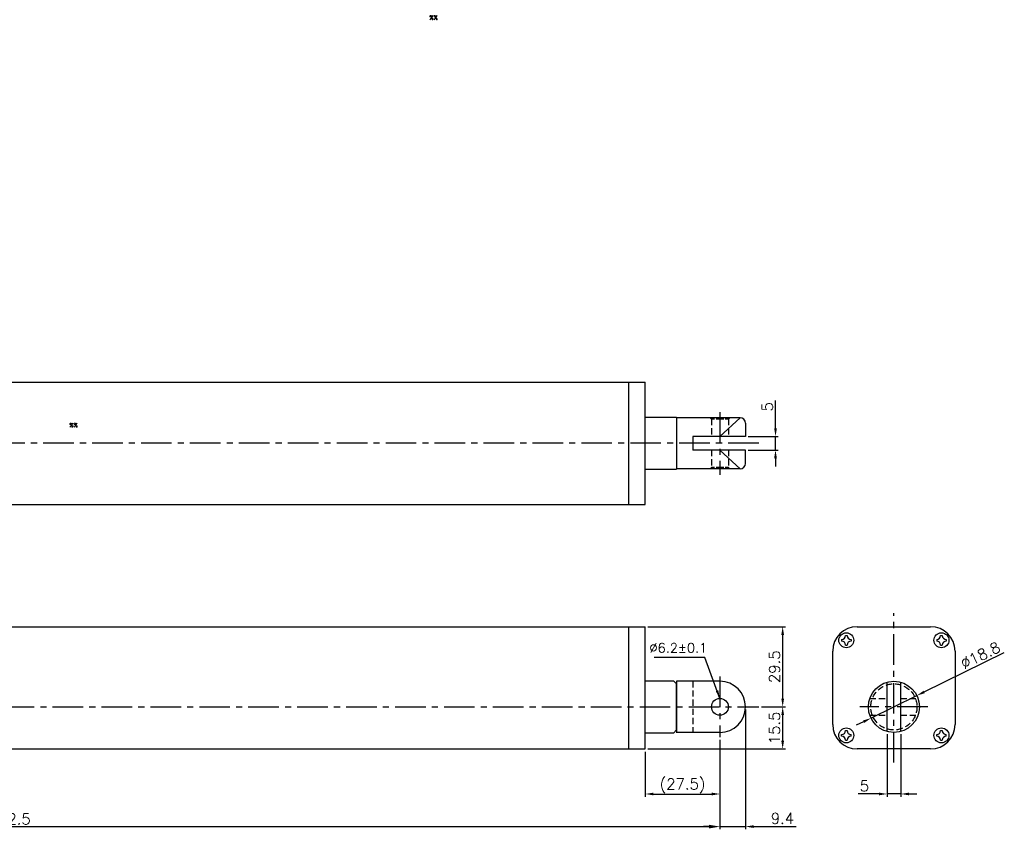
# Model space of a CAD drawing. Extents: x -97 to 627, y -103 to 357.
# Tile 3 of 3: x 265 to 627, y 59 to 357. Entities that reach past the tile are written whole.
import ezdxf

# ---------------------------------------------------------------- set-up
doc = ezdxf.new("R2010")
doc.units = 0
doc.header["$LTSCALE"] = 9
doc.header["$MEASUREMENT"] = 0
doc.header["$PDMODE"] = 3
doc.linetypes.add('CENTER', pattern=[2, 1.25, -0.25, 0.25, -0.25])
doc.linetypes.add('HIDDEN', pattern=[0.375, 0.25, -0.125])
doc.layers.get('0').update_dxf_attribs({"linetype": 'CONTINUOUS'})
doc.layers.get('DEFPOINTS').update_dxf_attribs({"linetype": 'CONTINUOUS'})
for name, color, linetype in [('CE', 2, 'CENTER'), ('DIM', 4, 'CONTINUOUS'), ('DIM0', 4, 'CONTINUOUS'), ('HID', 1, 'HIDDEN'), ('HIDDEN', 7, 'HIDDEN')]:
    doc.layers.add(name, color=color, linetype=linetype)
doc.styles.get("Standard").update_dxf_attribs({"font": 'txt.shx'})
doc.dimstyles.new('STANDARD$0', dxfattribs={"dimtxt": 3, "dimasz": 2, "dimexe": 1, "dimexo": 1, "dimgap": 0.8, "dimtad": 1, "dimtxsty": 'STANDARD', "dimblk1": 'CLOSED', "dimblk2": 'CLOSED', "dimsah": 1, "dimcen": 1, "dimclrd": 256, "dimclre": 256, "dimclrt": 256, "dimazin": 3, "dimtp": 0.3, "dimtfac": 0.8, "dimtmove": 0, "dimatfit": 3, "dimtolj": 1})
doc.dimstyles.new('W_8', dxfattribs={"dimtxt": 8, "dimasz": 3, "dimexe": 3, "dimexo": 3, "dimgap": 2.5, "dimtad": 1, "dimdec": 3, "dimtxsty": 'STANDARD', "dimblk1": 'OPEN', "dimblk2": 'OPEN', "dimsah": 1, "dimcen": -2.5, "dimclrd": 256, "dimclre": 256, "dimclrt": 256, "dimazin": 3, "dimtfac": 0.8, "dimtmove": 0, "dimatfit": 3, "dimtolj": 1})

# ---------------------------------------------------------------- blocks, each defined once
blk = doc.blocks.new('*D16')
at = {"layer": 'DEFPOINTS', "color": 0}
for p in [(531.97, 203.73), (543.01, 203.73), (531.97, 198.73)]:
    blk.add_point(p, dxfattribs=at)
at = {"layer": 'DIM'}
for p, q in [((543.01, 206.73), (543.01, 217)), ((532.97, 203.73), (544.01, 203.73)), ((543.01, 198.73), (543.01, 203.73)), ((532.97, 198.73), (544.01, 198.73)), ((543.01, 195.73), (543.01, 192.73))]:
    blk.add_line(p, q, dxfattribs=at)
for points in [[(542.51, 206.73), (543.51, 206.73), (543.01, 203.73)], [(542.51, 195.73), (543.51, 195.73), (543.01, 198.73)]]:
    blk.add_solid(points, dxfattribs=at)
at = {"layer": 'DIM', "insert": (540.01, 214.66), "char_height": 4, "attachment_point": 5, "rotation": 90}
blk.add_mtext('\\A1;5', dxfattribs=at)
blk = doc.blocks.new('*D17')
at = {"layer": 'DEFPOINTS', "color": 0}
for p in [(595, 108.37), (578.12, 100.08)]:
    blk.add_point(p, dxfattribs=at)
at = {"layer": 'DIM'}
for p, q in [((597.69, 109.7), (627.18, 124.19)), ((578.12, 100.08), (595, 108.37)), ((575.43, 98.76), (572.74, 97.44))]:
    blk.add_line(p, q, dxfattribs=at)
for points in [[(597.47, 110.15), (597.91, 109.25), (595, 108.37)], [(575.21, 99.21), (575.65, 98.31), (578.12, 100.08)]]:
    blk.add_solid(points, dxfattribs=at)
at = {"layer": 'DIM', "insert": (618.38, 123.2), "char_height": 4, "attachment_point": 5, "rotation": 26.1657}
blk.add_mtext('\\A1;∅18.8', dxfattribs=at)
blk = doc.blocks.new('*D5')
at = {"layer": 'DEFPOINTS', "color": 0}
for p in [(495.07, 133.73), (545.65, 133.73), (536.86, 104.23)]:
    blk.add_point(p, dxfattribs=at)
at = {"layer": 'DIM'}
for p, q in [((496.07, 133.73), (546.65, 133.73)), ((545.65, 107.23), (545.65, 130.73)), ((537.86, 104.23), (546.65, 104.23))]:
    blk.add_line(p, q, dxfattribs=at)
for points in [[(545.15, 130.73), (546.15, 130.73), (545.65, 133.73)], [(545.15, 107.23), (546.15, 107.23), (545.65, 104.23)]]:
    blk.add_solid(points, dxfattribs=at)
at = {"layer": 'DIM', "insert": (542.65, 118.98), "char_height": 4, "attachment_point": 5, "rotation": 90}
blk.add_mtext('\\A1;29.5', dxfattribs=at)
blk = doc.blocks.new('*D6')
at = {"layer": 'DEFPOINTS', "color": 0}
for p in [(522.57, 90.67), (495.07, 88.73), (522.57, 72.16)]:
    blk.add_point(p, dxfattribs=at)
at = {"layer": 'DIM'}
for p, q in [((495.07, 87.73), (495.07, 71.16)), ((522.57, 89.67), (522.57, 71.16)), ((498.07, 72.16), (519.57, 72.16))]:
    blk.add_line(p, q, dxfattribs=at)
for points in [[(498.07, 72.66), (498.07, 71.66), (495.07, 72.16)], [(519.57, 72.66), (519.57, 71.66), (522.57, 72.16)]]:
    blk.add_solid(points, dxfattribs=at)
at = {"layer": 'DIM', "insert": (508.82, 75.16), "char_height": 4, "attachment_point": 5}
blk.add_mtext('\\A1;(27.5)', dxfattribs=at)
blk = doc.blocks.new('*D7')
at = {"layer": 'DEFPOINTS', "color": 0}
for p in [(536.86, 104.23), (545.65, 104.23), (495.07, 88.73)]:
    blk.add_point(p, dxfattribs=at)
at = {"layer": 'DIM'}
for p, q in [((537.86, 104.23), (546.65, 104.23)), ((545.65, 91.73), (545.65, 101.23)), ((496.07, 88.73), (546.65, 88.73))]:
    blk.add_line(p, q, dxfattribs=at)
for points in [[(545.15, 101.23), (546.15, 101.23), (545.65, 104.23)], [(545.15, 91.73), (546.15, 91.73), (545.65, 88.73)]]:
    blk.add_solid(points, dxfattribs=at)
at = {"layer": 'DIM', "insert": (542.65, 96.48), "char_height": 4, "attachment_point": 5, "rotation": 90}
blk.add_mtext('\\A1;15.5', dxfattribs=at)
blk = doc.blocks.new('*D8')
at = {"layer": 'DEFPOINTS', "color": 0}
for p in [(531.97, 104.23), (522.57, 93.07), (531.97, 60.17)]:
    blk.add_point(p, dxfattribs=at)
at = {"layer": 'DIM'}
for p, q in [((531.97, 103.23), (531.97, 59.17)), ((522.57, 92.07), (522.57, 59.17)), ((519.57, 60.17), (516.57, 60.17)), ((522.57, 60.17), (531.97, 60.17)), ((534.97, 60.17), (550.57, 60.17))]:
    blk.add_line(p, q, dxfattribs=at)
for points in [[(519.57, 60.67), (519.57, 59.67), (522.57, 60.17)], [(534.97, 60.67), (534.97, 59.67), (531.97, 60.17)]]:
    blk.add_solid(points, dxfattribs=at)
at = {"layer": 'DIM', "insert": (545.57, 63.17), "char_height": 4, "attachment_point": 5}
blk.add_mtext('\\A1;9.4', dxfattribs=at)
blk = doc.blocks.new('*D9')
at = {"layer": 'DEFPOINTS', "color": 0}
for p in [(584.06, 95.17), (589.06, 95.17), (584.06, 72.17)]:
    blk.add_point(p, dxfattribs=at)
at = {"layer": 'DIM'}
for p, q in [((584.06, 94.17), (584.06, 71.17)), ((589.06, 94.17), (589.06, 71.17)), ((581.06, 72.17), (573.39, 72.17)), ((589.06, 72.17), (584.06, 72.17)), ((592.06, 72.17), (595.06, 72.17))]:
    blk.add_line(p, q, dxfattribs=at)
for points in [[(581.06, 72.67), (581.06, 71.67), (584.06, 72.17)], [(592.06, 72.67), (592.06, 71.67), (589.06, 72.17)]]:
    blk.add_solid(points, dxfattribs=at)
at = {"layer": 'DIM', "insert": (575.73, 75.17), "char_height": 4, "attachment_point": 5}
blk.add_mtext('\\A1;5', dxfattribs=at)
blk = doc.blocks.new('*D18')
at = {"layer": 'DEFPOINTS', "color": 0}
for p in [(0.07, 100.43), (522.57, 93.07), (522.57, 60.16)]:
    blk.add_point(p, dxfattribs=at)
at = {"layer": 'DIM'}
for p, q in [((0.07, 99.43), (0.07, 59.16)), ((522.57, 92.07), (522.57, 59.16)), ((4.07, 60.16), (518.57, 60.16))]:
    blk.add_line(p, q, dxfattribs=at)
for points in [[(4.07, 60.83), (4.07, 59.5), (0.07, 60.16)], [(518.57, 60.83), (518.57, 59.5), (522.57, 60.16)]]:
    blk.add_solid(points, dxfattribs=at)
at = {"layer": 'DIM', "insert": (261.32, 62.96), "char_height": 4, "attachment_point": 5}
blk.add_mtext('\\A1;522.5', dxfattribs=at)

msp = doc.modelspace()

# ---------------------------------------------------------------- linework, layer by layer
for p, q in [((8.568, 223.7285), (495.068, 223.7285)), ((489.068, 178.7285), (489.068, 223.7285)), ((495.068, 178.7285), (495.068, 223.7285)), ((506.568, 210.7285), (495.068, 210.7285)), ((506.568, 210.7285), (506.568, 191.7285)), ((529.968, 210.6285), (506.568, 210.6285)), ((529.968, 210.6285), (522.568, 203.7285)), ((531.968, 208.6285), (531.968, 203.7285)), ((531.968, 203.7285), (512.568, 203.7285)), ((512.568, 203.7285), (512.568, 198.7285)), ((529.968, 191.8285), (522.568, 198.7285)), ((531.968, 193.8285), (531.968, 198.7285)), ((495.068, 191.7285), (506.568, 191.7285)), ((529.968, 191.8285), (506.568, 191.8285)), ((8.568, 178.7285), (495.068, 178.7285)), ((8.568, 133.7291), (495.068, 133.7291)), ((489.068, 124.7291), (489.068, 133.7291)), ((495.068, 124.7291), (495.068, 133.7291)), ((568.7594, 130.4791), (569.3594, 130.4791)), ((573.0594, 133.7291), (600.0594, 133.7291)), ((603.7594, 130.4791), (604.3594, 130.4791)), ((567.3094, 129.0291), (567.3094, 128.4291)), ((568.7594, 126.9791), (569.3594, 126.9791)), ((570.8094, 129.0291), (570.8094, 128.4291)), ((602.3094, 129.0291), (602.3094, 128.4291)), ((603.7594, 126.9791), (604.3594, 126.9791)), ((605.8094, 129.0291), (605.8094, 128.4291)), ((489.068, 97.7291), (489.068, 124.7291)), ((495.068, 97.7291), (495.068, 124.7291)), ((564.0594, 97.7291), (564.0594, 124.7291)), ((609.0594, 124.7291), (609.0594, 97.7291)), ((505.568, 113.7291), (495.068, 113.7291)), ((505.568, 113.7291), (506.568, 112.7291)), ((506.568, 113.6291), (506.568, 94.7291)), ((522.568, 113.6291), (506.568, 113.6291)), ((506.568, 95.7291), (506.568, 112.7291)), ((506.568, 112.7291), (506.568, 94.8291)), ((506.568, 112.7291), (506.568, 94.8291)), ((584.0594, 95.1677), (584.0594, 113.2906)), ((589.0594, 95.1677), (589.0594, 113.2906)), ((489.068, 88.7291), (489.068, 97.7291)), ((495.068, 88.7291), (495.068, 97.7291)), ((495.068, 94.7291), (505.568, 94.7291)), ((505.568, 94.7291), (506.568, 95.7291)), ((522.568, 94.8291), (506.568, 94.8291)), ((568.7594, 95.4791), (569.3594, 95.4791)), ((603.7594, 95.4791), (604.3594, 95.4791)), ((567.3094, 93.4291), (567.3094, 94.0291)), ((568.7594, 91.9791), (569.3594, 91.9791)), ((570.8094, 93.4291), (570.8094, 94.0291)), ((602.3094, 93.4291), (602.3094, 94.0291)), ((603.7594, 91.9791), (604.3594, 91.9791)), ((605.8094, 93.4291), (605.8094, 94.0291)), ((8.568, 88.7291), (495.068, 88.7291)), ((600.0594, 88.7291), (573.0594, 88.7291))]:
    msp.add_line(p, q)
at = {"ltscale": 0.5}
msp.add_line((531.968, 198.7285), (512.568, 198.7285), dxfattribs=at)
for centre, radius in [((569.0594, 128.7291), 2.75), ((604.0594, 128.7291), 2.75), ((586.5594, 104.2291), 9.4), ((522.568, 104.2291), 3.1), ((569.0594, 93.7291), 2.75), ((604.0594, 93.7291), 2.75)]:
    msp.add_circle(centre, radius)
for centre, radius, start, end in [((529.968, 208.6285), 2, 0, 90), ((529.968, 193.8285), 2, 270, 0), ((573.0594, 124.7291), 9, 90, 180), ((567.3094, 130.4791), 1.45, 270, 0), ((570.8094, 130.4791), 1.45, 180, 270), ((600.0594, 124.7291), 9, 0, 90), ((602.3094, 130.4791), 1.45, 270, 0), ((605.8094, 130.4791), 1.45, 180, 270), ((567.3094, 126.9791), 1.45, 0, 90), ((570.8094, 126.9791), 1.45, 90, 180), ((602.3094, 126.9791), 1.45, 0, 90), ((605.8094, 126.9791), 1.45, 90, 180), ((522.568, 104.2291), 9.4, 270, 90), ((573.0594, 97.7291), 9, 180, 270), ((567.3094, 95.4791), 1.45, 270, 0), ((570.8094, 95.4791), 1.45, 180, 270), ((600.0594, 97.7291), 9, 270, 0), ((602.3094, 95.4791), 1.45, 270, 0), ((605.8094, 95.4791), 1.45, 180, 270), ((567.3094, 91.9791), 1.45, 0, 90), ((570.8094, 91.9791), 1.45, 90, 180), ((602.3094, 91.9791), 1.45, 0, 90), ((605.8094, 91.9791), 1.45, 90, 180)]:
    msp.add_arc(centre, radius, start, end)
at = {"layer": 'CE'}
for p, q in [((522.568, 212.723), (522.568, 189.5896)), ((536.8601, 201.2285), (-12.5353, 201.2285)), ((586.5594, 83.7291), (586.5594, 138.7291)), ((522.568, 115.3926), (522.568, 93.0657)), ((-10.932, 104.2291), (536.8601, 104.2291)), ((599.0594, 104.2291), (574.0594, 104.2291))]:
    msp.add_line(p, q, dxfattribs=at)
at = {"layer": 'HID'}
for p, q in [((519.468, 210.1285), (518.968, 210.6285)), ((519.468, 210.1285), (519.468, 203.7285)), ((525.668, 210.1285), (526.168, 210.6285)), ((525.668, 210.1285), (525.668, 203.7285)), ((519.468, 198.7285), (519.468, 192.3285)), ((525.668, 198.7285), (525.668, 192.3285)), ((519.468, 192.3285), (518.968, 191.8285)), ((525.668, 192.3285), (526.168, 191.8285)), ((512.568, 113.6291), (512.568, 94.8291)), ((577.6852, 107.3291), (584.0594, 107.3291)), ((589.0594, 107.3291), (595.4335, 107.3291)), ((577.6852, 101.1291), (584.0594, 101.1291)), ((589.0594, 101.1291), (595.4335, 101.1291))]:
    msp.add_line(p, q, dxfattribs=at)
at = {"layer": 'HID', "ltscale": 0.5}
for p, q in [((525.668, 210.1285), (519.468, 210.1285)), ((525.668, 192.3285), (519.468, 192.3285))]:
    msp.add_line(p, q, dxfattribs=at)
at = {"layer": 'HIDDEN'}
msp.add_circle((586.5594, 104.2291), 8.5, dxfattribs=at)

# ---------------------------------------------------------------- texts
at = {"layer": 'DIM', "insert": (517.9204, 125.9406), "char_height": 3.5, "attachment_point": 6}
msp.add_mtext('%%C6.2%%P0.1', dxfattribs=at)
at = {"layer": 'DIM0'}
for p in [(415.6842, 357.1112), (283.2603, 207.1271)]:
    msp.add_text('%%', height=1.5, dxfattribs=at).set_placement(p)

# ---------------------------------------------------------------- dimensions: what is measured, and where the dimension line sits
at = {"layer": 'DIM'}
dim = msp.add_linear_dim(base=(543.0055, 203.7285), p1=(531.968, 198.7285), p2=(531.968, 203.7285), angle=90, dimstyle='W_8', override={"dimtxt": 4, "dimexe": 1, "dimexo": 1, "dimgap": 1, "dimsah": 0, "dimtp": 0.2, "dimtdec": 3}, dxfattribs=at)
dim.commit()
dim.dimension.update_dxf_attribs({"geometry": '*D16', "text_midpoint": (543.0055, 214.6618), "dimtype": 160})
for base, p1, p2, picture, middle in [((545.6511, 133.7291), (536.8601, 104.2291), (495.068, 133.7291), '*D5', (542.6511, 118.9791)), ((545.6511, 104.2291), (495.068, 88.7291), (536.8601, 104.2291), '*D7', (542.6511, 96.4791))]:
    dim = msp.add_linear_dim(base=base, p1=p1, p2=p2, angle=90, dimstyle='W_8', override={"dimtxt": 4, "dimexe": 1, "dimexo": 1, "dimgap": 1, "dimsah": 0, "dimtp": 0.2, "dimtdec": 3}, dxfattribs=at)
    dim.commit()
    dim.dimension.update_dxf_attribs({"geometry": picture, "text_midpoint": middle})
dim = msp.add_diameter_dim_2p(p1=(578.1227, 100.084), p2=(594.9961, 108.3742), dimstyle='W_8', override={"dimtxt": 4, "dimexe": 1, "dimexo": 1, "dimgap": 1, "dimsah": 0, "dimtp": 0.2, "dimtdec": 3}, dxfattribs=at)
dim.commit()
dim.dimension.update_dxf_attribs({"geometry": '*D17', "text_midpoint": (619.7008, 120.5121), "dimtype": 163})
for base, p1, p2, dimstyle, override, picture, middle in [((531.968, 60.1711), (522.568, 93.0657), (531.968, 104.2291), 'W_8', {"dimtxt": 4, "dimexe": 1, "dimexo": 1, "dimgap": 1, "dimsah": 0, "dimtp": 0.2, "dimtdec": 3}, '*D8', (545.568, 60.1711)), ((522.568, 60.1645), (0.068, 100.4301), (522.568, 93.0657), 'STANDARD$0', {"dimtxt": 4, "dimasz": 4, "dimsah": 0}, '*D18', (261.318, 60.1645)), ((584.0594, 72.1735), (589.0594, 95.1677), (584.0594, 95.1677), 'W_8', {"dimtxt": 4, "dimexe": 1, "dimexo": 1, "dimgap": 1, "dimsah": 0, "dimtp": 0.2, "dimtdec": 3}, '*D9', (575.726, 72.1735))]:
    dim = msp.add_linear_dim(base=base, p1=p1, p2=p2, dimstyle=dimstyle, override=override, dxfattribs=at)
    dim.commit()
    dim.dimension.update_dxf_attribs({"geometry": picture, "text_midpoint": middle, "dimtype": 160})
dim = msp.add_linear_dim(base=(522.568, 72.1645), p1=(495.068, 88.7291), p2=(522.568, 90.6657), text='(<>)', dimstyle='W_8', override={"dimtxt": 4, "dimexe": 1, "dimexo": 1, "dimgap": 1, "dimsah": 0, "dimtp": 0.2, "dimtdec": 3}, dxfattribs=at)
dim.commit()
dim.dimension.update_dxf_attribs({"geometry": '*D6', "text_midpoint": (508.818, 75.1645)})

# ---------------------------------------------------------------- leaders
at = {"layer": 'DIM', "annotation_type": 0, "has_hookline": 1, "hookline_direction": 1, "text_width": 14.6667}
msp.add_leader([(522.5315, 107.3289), (517.0464, 122.3406), (514.0464, 122.3406)], dimstyle='W_8', override={"dimtxt": 4, "dimexe": 1, "dimexo": 1, "dimgap": 1, "dimtp": 0.2, "dimtdec": 3}, dxfattribs=at)

doc.saveas('drawing.dxf')
▬▬▬▬▬▬
To do ▸ What is the number of lines in the records that hold the word "pattern"? Answer with that number by itself.

Answer box ▸ 2